In Evans v. Florida Industrial Commission, 196 So. 2d 748 (Fla. 1967), the supreme court discussed the issue of apportionment between a claimant's preexisting condition and his disability following a compensable injury:
[I]n cases in which a pre-existing disease is aggravated by industrial injury, the resulting disability, determined as of the time of the award, is to be considered as falling into three categories: (1) that which resulted directly and solely from the accident and which would have occurred even in the absence of the pre-existing disease; (2) that which resulted from the acceleration or aggravation of the pre-existing disease by the accident; and (3) that which resulted from the normal progress of the disease and would have existed had the accident never occurred. Disability falling within the first two categories is compensable under the terms of the statute.
*1060 196 So.2d at 752-53; see also Escambia County Council on Aging v. Goldsmith, 500 So. 2d 626 (Fla. 1st DCA 1986) (en banc). In this case there was evidence that claimant had not suffered any diminution of his wage-earning capacity attributable to the preexisting condition of his knees before the industrial accident; yet, after the accident claimant has been unable to return to his former employment. On remand, the deputy should determine the extent, if any, to which claimant's permanent disability should be apportioned between his preexisting condition and the resulting impairment due to his industrial accident. If necessary, the deputy may receive additional evidence on this issue.

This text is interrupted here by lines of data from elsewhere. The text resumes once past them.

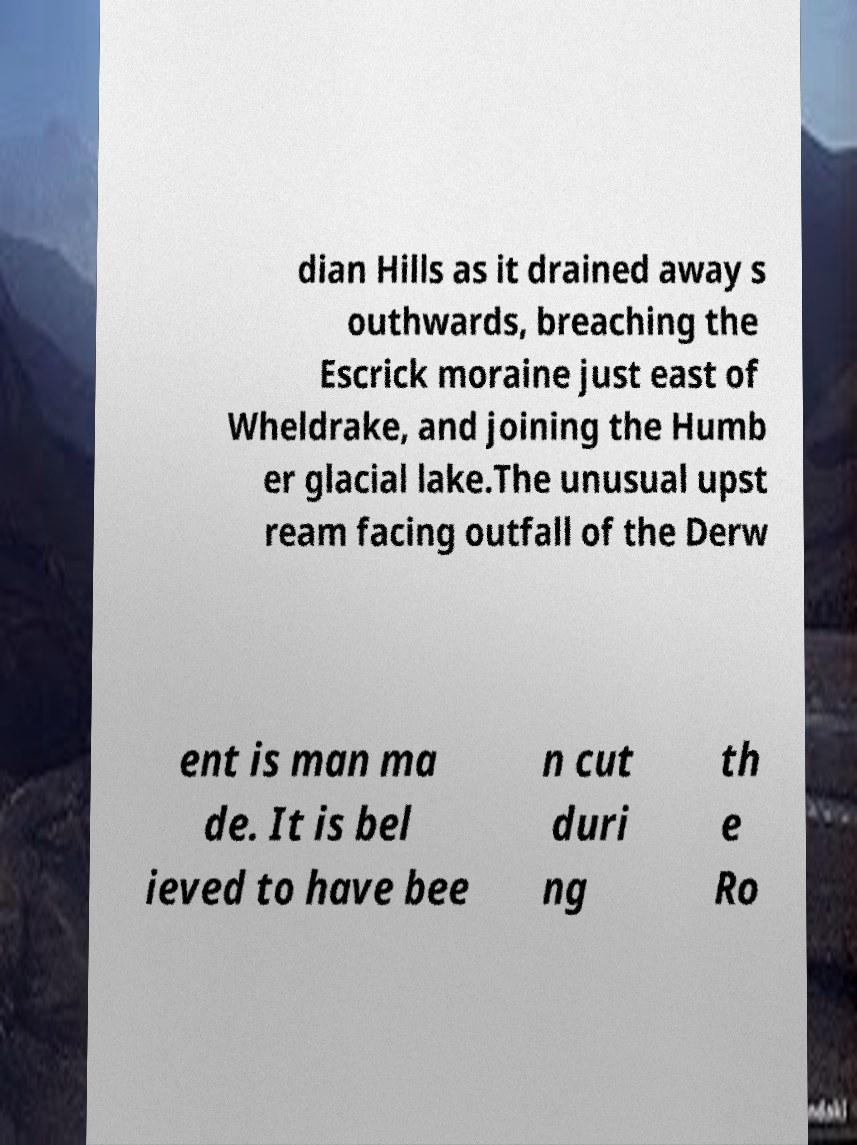Can you accurately transcribe the text from the provided image for me? dian Hills as it drained away s outhwards, breaching the Escrick moraine just east of Wheldrake, and joining the Humb er glacial lake.The unusual upst ream facing outfall of the Derw ent is man ma de. It is bel ieved to have bee n cut duri ng th e Ro 
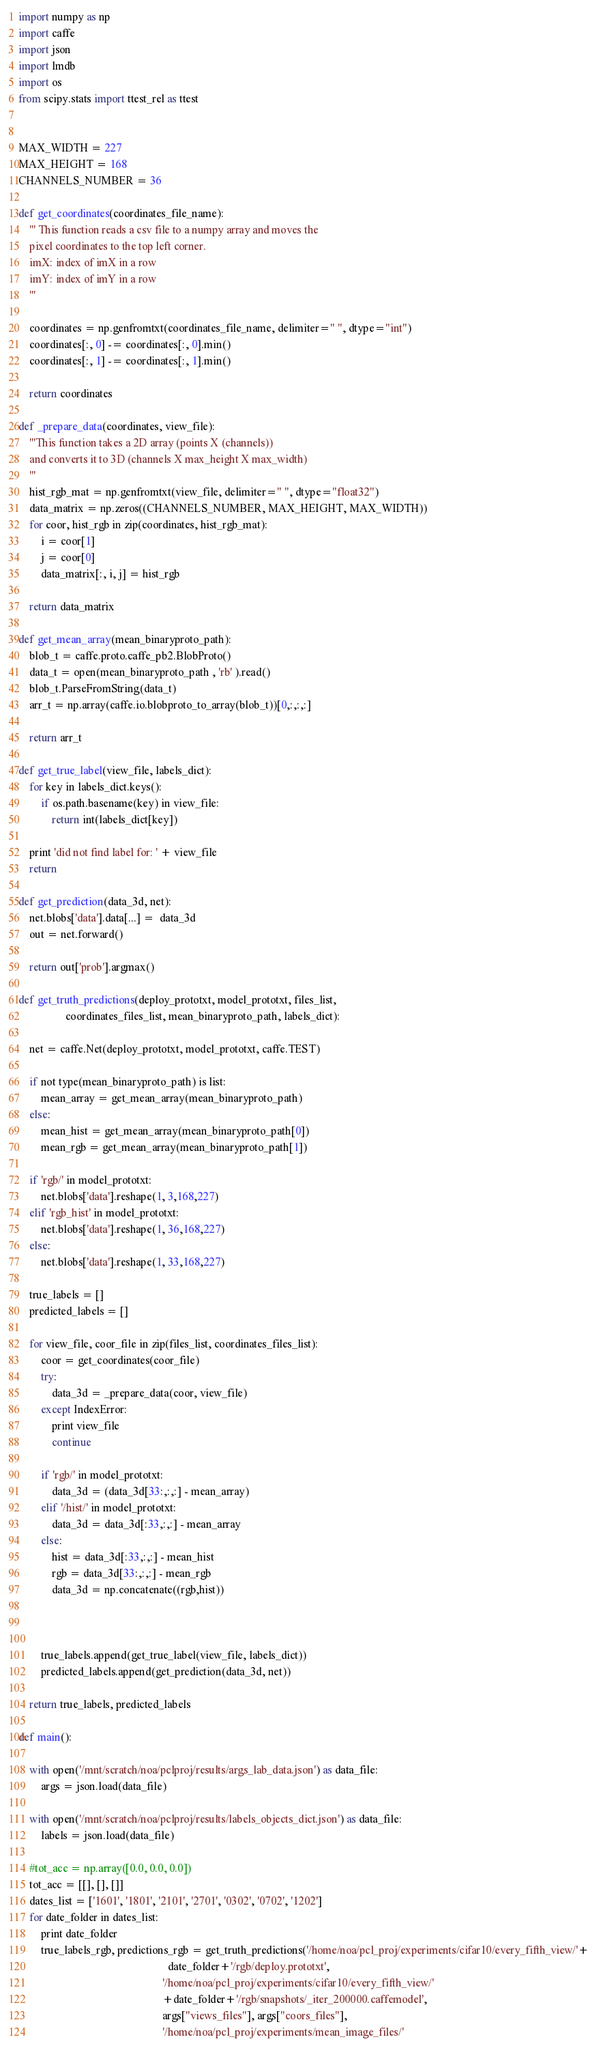<code> <loc_0><loc_0><loc_500><loc_500><_Python_>import numpy as np
import caffe
import json
import lmdb
import os
from scipy.stats import ttest_rel as ttest


MAX_WIDTH = 227
MAX_HEIGHT = 168
CHANNELS_NUMBER = 36

def get_coordinates(coordinates_file_name):
	''' This function reads a csv file to a numpy array and moves the 
	pixel coordinates to the top left corner.
	imX: index of imX in a row
	imY: index of imY in a row
	'''

	coordinates = np.genfromtxt(coordinates_file_name, delimiter=" ", dtype="int")
	coordinates[:, 0] -= coordinates[:, 0].min()
	coordinates[:, 1] -= coordinates[:, 1].min()
	
	return coordinates

def _prepare_data(coordinates, view_file):
	'''This function takes a 2D array (points X (channels)) 
	and converts it to 3D (channels X max_height X max_width)
	'''
	hist_rgb_mat = np.genfromtxt(view_file, delimiter=" ", dtype="float32")
	data_matrix = np.zeros((CHANNELS_NUMBER, MAX_HEIGHT, MAX_WIDTH))
	for coor, hist_rgb in zip(coordinates, hist_rgb_mat):
		i = coor[1]
		j = coor[0]
		data_matrix[:, i, j] = hist_rgb

	return data_matrix

def get_mean_array(mean_binaryproto_path):
	blob_t = caffe.proto.caffe_pb2.BlobProto()
	data_t = open(mean_binaryproto_path , 'rb' ).read()
	blob_t.ParseFromString(data_t)
	arr_t = np.array(caffe.io.blobproto_to_array(blob_t))[0,:,:,:]
	
	return arr_t

def get_true_label(view_file, labels_dict):
	for key in labels_dict.keys():
		if os.path.basename(key) in view_file:
			return int(labels_dict[key])
	
	print 'did not find label for: ' + view_file
	return

def get_prediction(data_3d, net):
	net.blobs['data'].data[...] =  data_3d
	out = net.forward()
	
	return out['prob'].argmax()

def get_truth_predictions(deploy_prototxt, model_prototxt, files_list, 
				 coordinates_files_list, mean_binaryproto_path, labels_dict):
	
	net = caffe.Net(deploy_prototxt, model_prototxt, caffe.TEST)
	
	if not type(mean_binaryproto_path) is list:
		mean_array = get_mean_array(mean_binaryproto_path)
	else:
		mean_hist = get_mean_array(mean_binaryproto_path[0])
		mean_rgb = get_mean_array(mean_binaryproto_path[1])
	
	if 'rgb/' in model_prototxt:
		net.blobs['data'].reshape(1, 3,168,227)
	elif 'rgb_hist' in model_prototxt:
		net.blobs['data'].reshape(1, 36,168,227)
	else:
		net.blobs['data'].reshape(1, 33,168,227)
	
	true_labels = []
	predicted_labels = []
	
	for view_file, coor_file in zip(files_list, coordinates_files_list):
		coor = get_coordinates(coor_file)
		try:
			data_3d = _prepare_data(coor, view_file)
		except IndexError:
			print view_file
			continue
		
		if 'rgb/' in model_prototxt:
			data_3d = (data_3d[33:,:,:] - mean_array)
		elif '/hist/' in model_prototxt:
			data_3d = data_3d[:33,:,:] - mean_array
		else:
			hist = data_3d[:33,:,:] - mean_hist
			rgb = data_3d[33:,:,:] - mean_rgb
			data_3d = np.concatenate((rgb,hist))
			
		
		
		true_labels.append(get_true_label(view_file, labels_dict))
		predicted_labels.append(get_prediction(data_3d, net))
	
	return true_labels, predicted_labels

def main():

	with open('/mnt/scratch/noa/pclproj/results/args_lab_data.json') as data_file:
		args = json.load(data_file)

	with open('/mnt/scratch/noa/pclproj/results/labels_objects_dict.json') as data_file:
		labels = json.load(data_file)

	#tot_acc = np.array([0.0, 0.0, 0.0])
	tot_acc = [[], [], []]
	dates_list = ['1601', '1801', '2101', '2701', '0302', '0702', '1202']
	for date_folder in dates_list:
		print date_folder
		true_labels_rgb, predictions_rgb = get_truth_predictions('/home/noa/pcl_proj/experiments/cifar10/every_fifth_view/'+
													  date_folder+'/rgb/deploy.prototxt',
													'/home/noa/pcl_proj/experiments/cifar10/every_fifth_view/' 
													+date_folder+'/rgb/snapshots/_iter_200000.caffemodel',
													args["views_files"], args["coors_files"], 
													'/home/noa/pcl_proj/experiments/mean_image_files/'</code> 
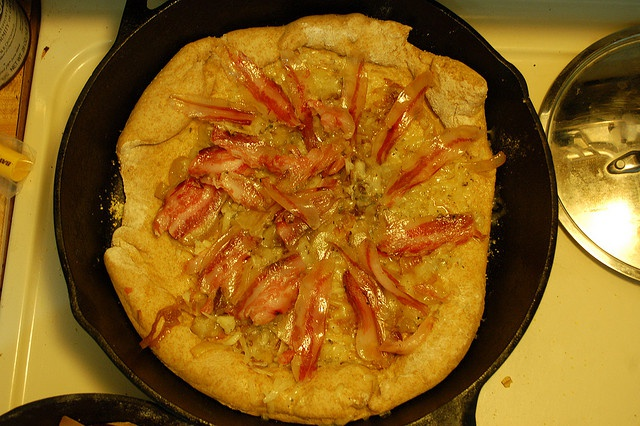Describe the objects in this image and their specific colors. I can see a pizza in olive, red, orange, and maroon tones in this image. 
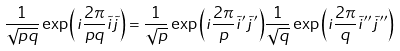Convert formula to latex. <formula><loc_0><loc_0><loc_500><loc_500>\frac { 1 } { \sqrt { p q } } \exp { \left ( { i } \frac { 2 \pi } { p q } \tilde { i } \tilde { j } \right ) } = \frac { 1 } { \sqrt { p } } \exp { \left ( { i } \frac { 2 \pi } { p } \tilde { i } ^ { \prime } \tilde { j } ^ { \prime } \right ) } \frac { 1 } { \sqrt { q } } \exp { \left ( { i } \frac { 2 \pi } { q } \tilde { i } ^ { \prime \prime } \tilde { j } ^ { \prime \prime } \right ) }</formula> 
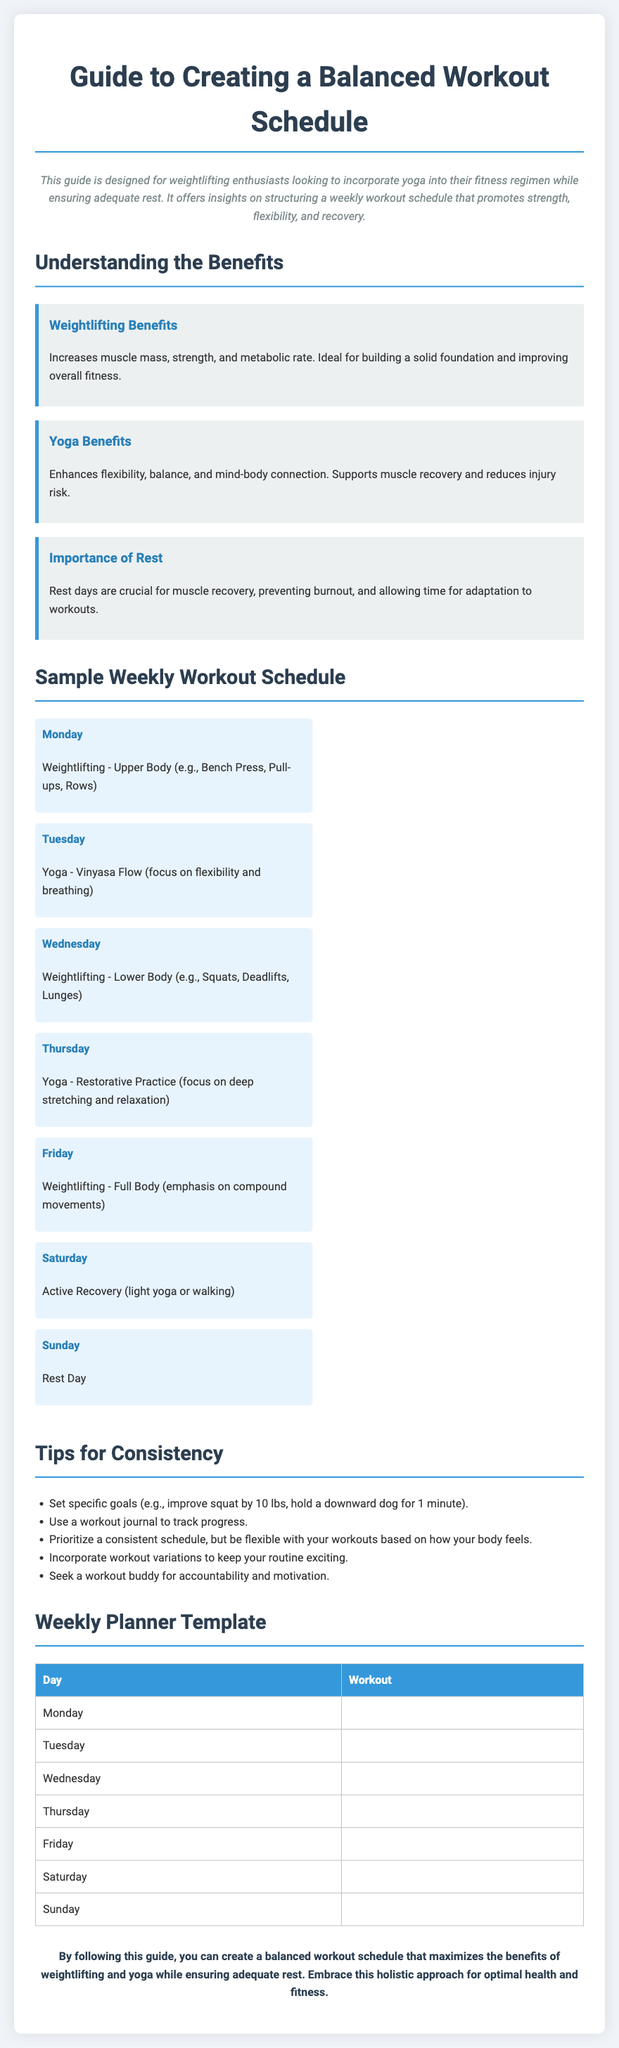What is the title of the guide? The title of the guide is stated at the top of the document.
Answer: Guide to Creating a Balanced Workout Schedule What workout does Monday focus on? The specific workout for Monday is detailed in the Sample Weekly Workout Schedule section.
Answer: Weightlifting - Upper Body What are the benefits of yoga? The benefits of yoga are outlined in the Understanding the Benefits section.
Answer: Enhances flexibility, balance, and mind-body connection How many rest days are included in the weekly schedule? The number of rest days is identified in the Sample Weekly Workout Schedule.
Answer: One (1) What is one tip for consistency mentioned? A tip for consistency is provided in the Tips for Consistency section.
Answer: Set specific goals What is the primary focus of Thursday's workout? The focus of Thursday’s workout is described in the Sample Weekly Workout Schedule.
Answer: Yoga - Restorative Practice How many types of workouts are mentioned overall in the guide? The types of workouts are explained throughout the document.
Answer: Three (3) What is emphasized in the conclusion of the guide? The conclusion summarizes the essential takeaway of the guide.
Answer: Balanced workout schedule

We also observe that the date claimant reached maximum medical improvement has not been determined. This matter must also be decided upon remand before any ruling on permanent disability benefits can be made.
Claimant does not challenge the deputy's findings regarding work search, and we find no error in the deputy's determination that claimant's work search for the period January 1985 through April 1985 was inadequate. That ruling is affirmed.
AFFIRMED in part, REVERSED in part, and REMANDED.
JOANOS and WIGGINTON, JJ., concur.
NOTES
[1] It is clear from his deposition that Dr. Barry was unaware of this court's decision in Trindade v. Abbey Road Beef `n' Booze, 443 So. 2d 1007 (Fla. 1st DCA 1983), which held that disability caused by a physical condition not covered by the AMA Guides could nevertheless be rated. Trindade involved a knee injury which, like claimant's, could not be rated under the AMA Guides then in force.